# netwerk inst.

## cis

Hey,

Ik ben de eerste keer bezig met een gentoo installatie en ik zou graag weten of iemand hier weet hoe ik mijn netwerk volledig kan installeren :

-netwerkkaart ( wireless / wired : liefst wireless maar wired is ook al goed )

-internetverbinding ( ik ga via een wireless D-link routertje  : extra settings ?? )

=> zowel router als internetverbinding werkt via DHCP ;; voor de router kan ik dit eventueel afzetten, 

- settings ? ( of welke settings ik ff moet opzoeken. : ik ben bij telenet ((BE ))  mss dat je daar iets meer mee weet )

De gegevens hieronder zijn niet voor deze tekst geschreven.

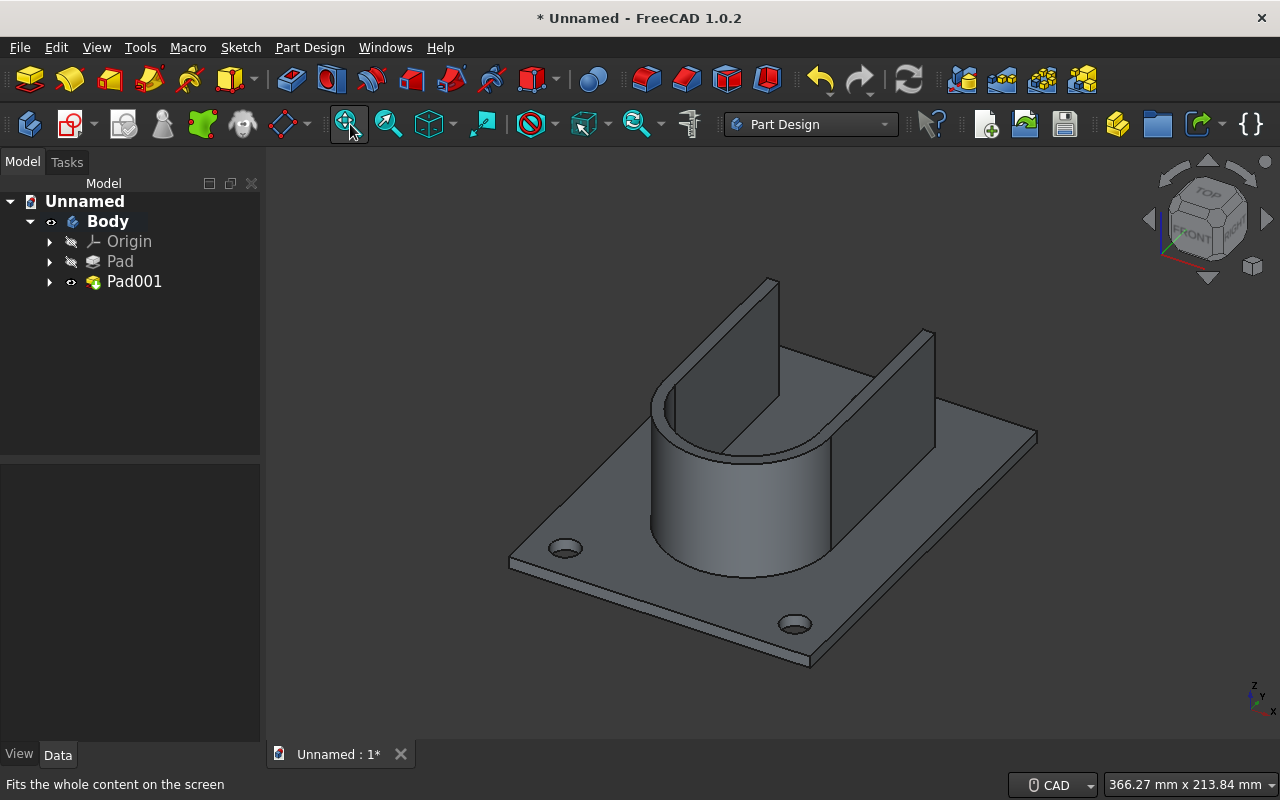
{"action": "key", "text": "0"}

als iemand me hieribj zou kunnen helpen of toch in de juiste richting zou kunnen helpen zou dit me enorm vooruit helpen  :Embarassed: 

thx

----------

## koenderoo

Hoi,

vergeet je wireless maar bij de installatie. Kan wel, maar dan is het handig als je het instellen hiervan al met je ogen dicht kunt.

In de grafische installer van de live-cd 2006.0 kun je gewoon aangeven dat je eth0 (of een ander als je wired netwerkkaart anders wordt herkent) wilt installeren en vervolgens kies je dhcp als protocol en niet voor handmatig configureren. 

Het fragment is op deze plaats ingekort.